A recente onda de inflação mundial tem três causas: disrupção de cadeias globais de suprimento (pela pandemia, pela Covid zero na China e pela Guerra da Ucrânia), ajuste das empresas a mudanças permanentes nos padrões de consumo e o efeitos acumulados de anos de política monetária frouxa, culminando nos trilhões de dólares "impressos" por bancos centrais durante a pandemia.

A inflação mundial começou a subir em 2021, mas até o início deste ano não havia consenso se ela seria temporária ou resistente. Os juros americanos de curto prazo estavam em 0,05% em janeiro, e os títulos de 30 anos pagavam somente 2% ao ano. Mas em março veio o primeiro choque do Federal Reserve, que desde então tem feito aumentos periódicos de cerca de 0,75 ponto percentual nos juros básicos da economia.

letreiro azul em que se lê Foxconn, com orientais por perto
Fachada de fábrica da Foxconn, a maior fabricante de iPhones do mundo. - AFP

Em julho, os títulos com vencimento em um mês já estavam pagando 1,75%, e os de longo, 3%. Hoje, os juros de três meses estão em 4,75%, e os de 30 anos, em quase 4%, o dobro do começo do ano.

Ainda assim, os juros reais americanos estão negativos, com a inflação de 7,7%, maior que o retorno dos títulos públicos. O mundo hoje acompanha cada anúncio da inflação americana com suspense e medo, pois, se ela não baixar, o Fed vai continuar subindo os juros, com chances de jogar o mundo em uma recessão.

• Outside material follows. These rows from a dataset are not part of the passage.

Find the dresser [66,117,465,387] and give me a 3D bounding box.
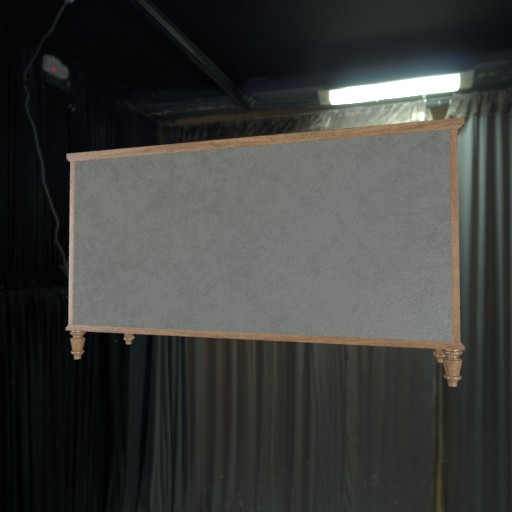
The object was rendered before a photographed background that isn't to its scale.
[{"bbox_3d":[0.000,0.000,1.909,1.583,0.892,0.468,0,-2,17],"label":"dresser"}]
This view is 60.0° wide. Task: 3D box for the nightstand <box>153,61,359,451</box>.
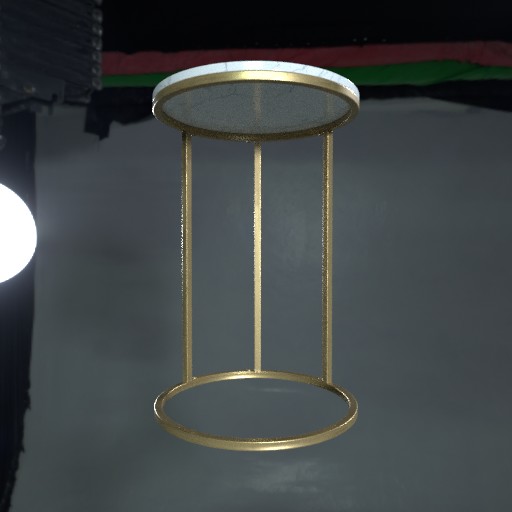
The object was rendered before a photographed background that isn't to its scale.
[{"bbox_3d":[0.000,0.000,0.889,0.400,0.610,0.400,0,1,1],"label":"nightstand"}]
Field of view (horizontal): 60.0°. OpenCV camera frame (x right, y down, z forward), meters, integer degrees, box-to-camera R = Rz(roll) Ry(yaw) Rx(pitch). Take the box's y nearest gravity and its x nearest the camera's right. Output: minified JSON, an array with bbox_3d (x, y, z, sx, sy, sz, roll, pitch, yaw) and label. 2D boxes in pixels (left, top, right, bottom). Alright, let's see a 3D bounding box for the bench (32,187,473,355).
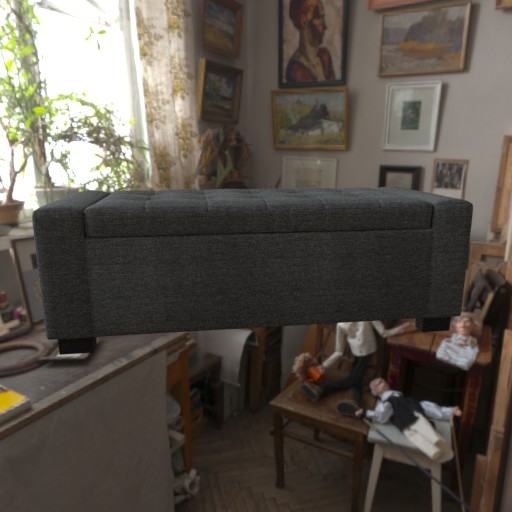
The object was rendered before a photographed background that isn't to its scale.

E isso nos traz de volta aos chãos de fábrica na China. Muitos trabalhadores estão insatisfeitos com a possibilidade de ter de trabalhar sob regime de circuito fechado, enquanto o país tenta lidar com o aumento dos casos de Covid, resultado do relaxamento de algumas regras da política de contenção do vírus. Há até pouco tempo, as autoridades chinesas eram claras: a prioridade era a política de Covid zero, custasse o que custasse. Por meses, fábricas em Xangai ficaram paradas, embora o governo local tenha conseguido manter o porto aberto. Como ele fez isso?

Os trabalhadores passaram a morar dentro da área do porto, não podendo ir para casa até que o lockdown, que durou cerca de 60 dias, acabasse. Isso valeu para todos os setores essenciais, incluindo empresas de água e energia.

Indústrias que quisessem continuar operando durante o lockdown teriam que pedir uma licença e conseguir que seus funcionários concordassem em ficar em isolamento até o relaxamento do lockdown. E, diferentemente do que pensam muitos brasileiros, ninguém é obrigado a aceitar. Alguns bancos pagaram diárias de R$ 800 para seus funcionários de TI ficar no emprego. Outras empresas ofereceram quatro vezes o salário para quem aceitasse trabalhar em regime de plantão.

Muitos lockdowns locais estão pipocando. Na China, não há direito de greve e sindicatos formais, mas há, como muita coisa no país, ações coletivas informais que pressionam empresas e autoridades locais. E é isso que está acontecendo. Funcionários da Foxconn querem melhores condições e maior salário para trabalhar em regime de circuito fechado. E isso vai se repetir em várias outras indústrias da China.

O desemprego no Brasil depende de circuitos fechados em fábricas chinesas via juros americanos. Não há melhor exemplo de globalização.